The self-moving robot obstacle avoidance walking method according to claim 8, wherein a side view sensor is provided from a side of the mobile robot, and the step 410 determines whether the self-moving robot can travel along the original Y-axis. The specific content of walking is:

The self-moving robot judges whether it is possible to walk along the original Y-axis traveling direction based on the feedback signal of the side-view sensor.
A self-moving robot obstacle avoiding walking method, in which the horizontal direction is the X axis and the vertical direction is the Y axis to establish a plane rectangular coordinate system in the walking region of the self-moving robot, and the direction along the X axis or the Y axis Walking for positive walking;

The method is characterized in that the method specifically includes the following steps:

Step 1000: The mobile robot walks along the Y axis.
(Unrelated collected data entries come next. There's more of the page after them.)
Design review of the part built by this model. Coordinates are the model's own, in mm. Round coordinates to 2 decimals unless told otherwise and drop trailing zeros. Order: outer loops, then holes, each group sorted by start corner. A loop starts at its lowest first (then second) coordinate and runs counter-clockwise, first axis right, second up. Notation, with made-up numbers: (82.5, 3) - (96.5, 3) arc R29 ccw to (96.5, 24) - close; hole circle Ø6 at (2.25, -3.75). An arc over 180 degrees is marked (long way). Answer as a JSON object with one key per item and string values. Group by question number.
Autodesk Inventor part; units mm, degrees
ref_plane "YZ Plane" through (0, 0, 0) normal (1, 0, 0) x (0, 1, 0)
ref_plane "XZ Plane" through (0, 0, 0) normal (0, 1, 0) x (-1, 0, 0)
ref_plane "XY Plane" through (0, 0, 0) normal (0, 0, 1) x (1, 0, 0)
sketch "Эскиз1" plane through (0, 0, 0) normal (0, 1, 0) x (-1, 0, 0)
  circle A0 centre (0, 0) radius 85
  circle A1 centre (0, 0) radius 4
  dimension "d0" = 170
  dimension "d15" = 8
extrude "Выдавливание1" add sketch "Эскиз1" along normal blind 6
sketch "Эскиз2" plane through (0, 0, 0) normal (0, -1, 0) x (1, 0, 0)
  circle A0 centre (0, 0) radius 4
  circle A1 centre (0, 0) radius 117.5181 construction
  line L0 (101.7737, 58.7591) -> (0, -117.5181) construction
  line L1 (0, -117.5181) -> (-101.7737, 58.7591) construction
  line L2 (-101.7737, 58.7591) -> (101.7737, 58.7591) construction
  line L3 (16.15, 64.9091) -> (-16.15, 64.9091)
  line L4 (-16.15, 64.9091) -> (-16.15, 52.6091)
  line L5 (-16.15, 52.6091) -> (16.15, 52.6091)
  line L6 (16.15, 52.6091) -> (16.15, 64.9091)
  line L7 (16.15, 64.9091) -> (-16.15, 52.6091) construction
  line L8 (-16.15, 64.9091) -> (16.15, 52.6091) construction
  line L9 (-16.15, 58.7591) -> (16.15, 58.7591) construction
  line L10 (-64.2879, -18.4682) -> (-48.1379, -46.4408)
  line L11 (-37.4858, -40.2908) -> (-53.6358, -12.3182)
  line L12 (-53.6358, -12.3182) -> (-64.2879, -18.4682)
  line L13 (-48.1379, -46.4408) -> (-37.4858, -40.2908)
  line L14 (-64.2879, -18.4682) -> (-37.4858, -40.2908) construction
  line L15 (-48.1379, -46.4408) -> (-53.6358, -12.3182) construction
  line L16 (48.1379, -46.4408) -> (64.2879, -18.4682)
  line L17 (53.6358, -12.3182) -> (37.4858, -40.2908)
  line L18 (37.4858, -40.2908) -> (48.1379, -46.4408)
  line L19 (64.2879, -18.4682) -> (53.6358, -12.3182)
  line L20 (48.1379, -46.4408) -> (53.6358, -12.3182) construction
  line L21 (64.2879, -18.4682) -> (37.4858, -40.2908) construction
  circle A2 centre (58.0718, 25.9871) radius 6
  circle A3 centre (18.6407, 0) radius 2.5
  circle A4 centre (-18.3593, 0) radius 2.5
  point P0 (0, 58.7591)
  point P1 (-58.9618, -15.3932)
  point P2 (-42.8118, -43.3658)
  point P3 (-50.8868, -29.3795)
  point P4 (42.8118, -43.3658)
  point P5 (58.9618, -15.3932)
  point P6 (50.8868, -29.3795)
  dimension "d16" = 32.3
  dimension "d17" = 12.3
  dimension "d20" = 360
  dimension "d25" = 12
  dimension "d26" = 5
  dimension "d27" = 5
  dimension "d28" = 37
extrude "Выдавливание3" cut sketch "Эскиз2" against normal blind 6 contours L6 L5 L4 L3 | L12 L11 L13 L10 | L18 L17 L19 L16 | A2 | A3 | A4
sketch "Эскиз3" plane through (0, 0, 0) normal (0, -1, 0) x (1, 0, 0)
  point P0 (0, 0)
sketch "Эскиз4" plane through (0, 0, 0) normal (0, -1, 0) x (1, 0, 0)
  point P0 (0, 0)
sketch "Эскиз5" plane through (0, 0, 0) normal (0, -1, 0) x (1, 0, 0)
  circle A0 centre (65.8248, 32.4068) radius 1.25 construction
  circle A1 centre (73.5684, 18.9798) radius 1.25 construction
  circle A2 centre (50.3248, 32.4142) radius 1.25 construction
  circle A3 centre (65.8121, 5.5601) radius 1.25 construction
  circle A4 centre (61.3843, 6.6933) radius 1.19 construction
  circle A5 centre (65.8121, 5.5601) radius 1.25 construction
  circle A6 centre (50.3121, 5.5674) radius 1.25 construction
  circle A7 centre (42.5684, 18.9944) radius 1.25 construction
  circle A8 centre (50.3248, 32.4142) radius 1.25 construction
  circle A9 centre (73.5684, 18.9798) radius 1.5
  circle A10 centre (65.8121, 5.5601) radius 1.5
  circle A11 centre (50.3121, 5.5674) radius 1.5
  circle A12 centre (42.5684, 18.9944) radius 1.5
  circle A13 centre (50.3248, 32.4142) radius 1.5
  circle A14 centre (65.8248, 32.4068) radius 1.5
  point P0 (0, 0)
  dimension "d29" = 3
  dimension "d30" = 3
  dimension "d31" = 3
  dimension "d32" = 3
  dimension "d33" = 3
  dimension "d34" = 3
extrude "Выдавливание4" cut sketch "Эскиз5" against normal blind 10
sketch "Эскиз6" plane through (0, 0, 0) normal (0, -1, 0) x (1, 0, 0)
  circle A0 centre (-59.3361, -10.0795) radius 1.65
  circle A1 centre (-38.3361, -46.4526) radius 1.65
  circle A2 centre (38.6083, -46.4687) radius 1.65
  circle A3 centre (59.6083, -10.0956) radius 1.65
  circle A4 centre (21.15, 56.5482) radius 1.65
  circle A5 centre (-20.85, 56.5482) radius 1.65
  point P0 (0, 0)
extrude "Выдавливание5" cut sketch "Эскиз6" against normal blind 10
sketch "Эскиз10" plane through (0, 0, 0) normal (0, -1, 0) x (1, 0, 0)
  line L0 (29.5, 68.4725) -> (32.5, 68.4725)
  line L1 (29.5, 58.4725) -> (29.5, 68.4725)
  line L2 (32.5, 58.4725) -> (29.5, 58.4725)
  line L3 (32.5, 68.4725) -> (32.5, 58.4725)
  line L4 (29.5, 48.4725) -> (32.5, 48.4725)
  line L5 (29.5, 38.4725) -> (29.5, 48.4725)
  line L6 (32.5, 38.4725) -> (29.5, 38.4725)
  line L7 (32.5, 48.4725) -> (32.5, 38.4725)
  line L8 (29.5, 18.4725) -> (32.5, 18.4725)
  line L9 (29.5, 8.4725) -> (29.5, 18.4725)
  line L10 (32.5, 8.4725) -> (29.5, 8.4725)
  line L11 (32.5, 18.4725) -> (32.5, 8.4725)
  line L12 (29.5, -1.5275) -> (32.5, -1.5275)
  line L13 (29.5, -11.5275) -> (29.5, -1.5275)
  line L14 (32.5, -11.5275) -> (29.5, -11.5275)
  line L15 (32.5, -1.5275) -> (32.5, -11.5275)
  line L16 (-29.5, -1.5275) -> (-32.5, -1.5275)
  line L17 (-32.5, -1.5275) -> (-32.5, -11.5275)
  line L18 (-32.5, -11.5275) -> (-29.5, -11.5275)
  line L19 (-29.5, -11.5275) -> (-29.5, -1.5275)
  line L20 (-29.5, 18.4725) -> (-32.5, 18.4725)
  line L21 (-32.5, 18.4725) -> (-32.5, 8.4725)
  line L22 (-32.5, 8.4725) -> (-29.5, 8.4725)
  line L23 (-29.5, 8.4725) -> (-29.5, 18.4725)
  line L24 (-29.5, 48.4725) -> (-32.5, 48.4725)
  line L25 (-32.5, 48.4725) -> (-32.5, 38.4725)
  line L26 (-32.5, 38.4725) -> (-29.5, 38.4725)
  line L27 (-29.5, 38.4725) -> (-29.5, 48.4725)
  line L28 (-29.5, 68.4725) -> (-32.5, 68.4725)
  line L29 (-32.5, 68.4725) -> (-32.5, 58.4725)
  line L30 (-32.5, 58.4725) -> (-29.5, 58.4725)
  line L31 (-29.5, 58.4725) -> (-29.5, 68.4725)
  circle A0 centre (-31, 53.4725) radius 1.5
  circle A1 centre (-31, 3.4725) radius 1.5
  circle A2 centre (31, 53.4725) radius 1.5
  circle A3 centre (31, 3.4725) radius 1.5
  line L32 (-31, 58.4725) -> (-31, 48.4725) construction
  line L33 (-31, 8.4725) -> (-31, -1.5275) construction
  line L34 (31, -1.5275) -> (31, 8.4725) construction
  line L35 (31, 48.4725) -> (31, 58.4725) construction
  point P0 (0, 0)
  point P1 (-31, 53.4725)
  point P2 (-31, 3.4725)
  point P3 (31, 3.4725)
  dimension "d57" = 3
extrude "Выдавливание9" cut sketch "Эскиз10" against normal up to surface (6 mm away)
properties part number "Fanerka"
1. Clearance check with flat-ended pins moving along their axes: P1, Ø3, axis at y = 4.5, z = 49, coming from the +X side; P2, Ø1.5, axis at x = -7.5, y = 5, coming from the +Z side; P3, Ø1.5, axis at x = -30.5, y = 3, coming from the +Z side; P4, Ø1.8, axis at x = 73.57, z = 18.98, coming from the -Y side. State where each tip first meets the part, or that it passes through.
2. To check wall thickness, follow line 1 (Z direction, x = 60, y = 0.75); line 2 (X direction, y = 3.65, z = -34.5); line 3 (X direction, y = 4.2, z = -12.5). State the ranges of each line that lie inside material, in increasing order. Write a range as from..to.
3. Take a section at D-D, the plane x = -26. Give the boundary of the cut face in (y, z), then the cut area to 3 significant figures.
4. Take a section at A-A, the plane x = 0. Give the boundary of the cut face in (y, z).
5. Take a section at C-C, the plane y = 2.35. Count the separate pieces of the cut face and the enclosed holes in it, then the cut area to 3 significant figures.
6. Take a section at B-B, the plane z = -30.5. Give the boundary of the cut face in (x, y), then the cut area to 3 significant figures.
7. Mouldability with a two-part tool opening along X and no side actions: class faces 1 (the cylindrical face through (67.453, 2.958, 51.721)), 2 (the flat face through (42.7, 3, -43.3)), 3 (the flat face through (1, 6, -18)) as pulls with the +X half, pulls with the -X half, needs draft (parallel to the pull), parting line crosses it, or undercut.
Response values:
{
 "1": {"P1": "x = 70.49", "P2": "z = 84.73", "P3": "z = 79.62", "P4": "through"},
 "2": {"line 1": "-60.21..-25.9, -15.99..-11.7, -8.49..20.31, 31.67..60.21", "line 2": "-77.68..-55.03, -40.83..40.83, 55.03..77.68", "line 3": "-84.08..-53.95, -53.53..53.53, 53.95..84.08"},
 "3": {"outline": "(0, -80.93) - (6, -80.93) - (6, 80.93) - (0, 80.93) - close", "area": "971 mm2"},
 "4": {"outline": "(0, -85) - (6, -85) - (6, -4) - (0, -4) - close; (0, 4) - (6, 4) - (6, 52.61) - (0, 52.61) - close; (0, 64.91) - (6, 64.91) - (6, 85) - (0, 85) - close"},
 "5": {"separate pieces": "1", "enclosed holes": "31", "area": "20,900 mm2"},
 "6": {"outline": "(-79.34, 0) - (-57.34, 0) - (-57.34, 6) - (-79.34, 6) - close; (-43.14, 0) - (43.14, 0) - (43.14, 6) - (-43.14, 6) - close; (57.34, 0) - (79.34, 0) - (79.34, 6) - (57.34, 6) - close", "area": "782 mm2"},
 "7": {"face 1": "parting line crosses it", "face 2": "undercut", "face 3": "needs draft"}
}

When the obstacle is detected by the mobile robot, the position is set as an obstacle point, and the coordinates of the position are stored to form a recording point;

Step 2000: determining whether a record point is stored first, and the coordinate of the record point on the Y axis is within a numerical interval formed by coordinates of the current obstacle point and the previous obstacle point in the Y axis;

Step 3000: If the judgment result is yes, the recording point is a turning point, and the moving robot walks from the current obstacle point along the X axis toward the turning point to the X-axis coordinate of the turning point, deletes the turning point coordinate, and executes the point to After the traversal of the region between the current obstacle points, the process returns to step 1000;

If the judgment result is no, the self-moving robot moves a displacement amount M1 along the X axis;

Step 4000: The mobile robot moves in the reverse direction of the original Y-axis walking direction, and returns to step 1000;

Step 5000: Loop step 1000 to step 4000 until the Y-axis traverse walk of the walking area is completed.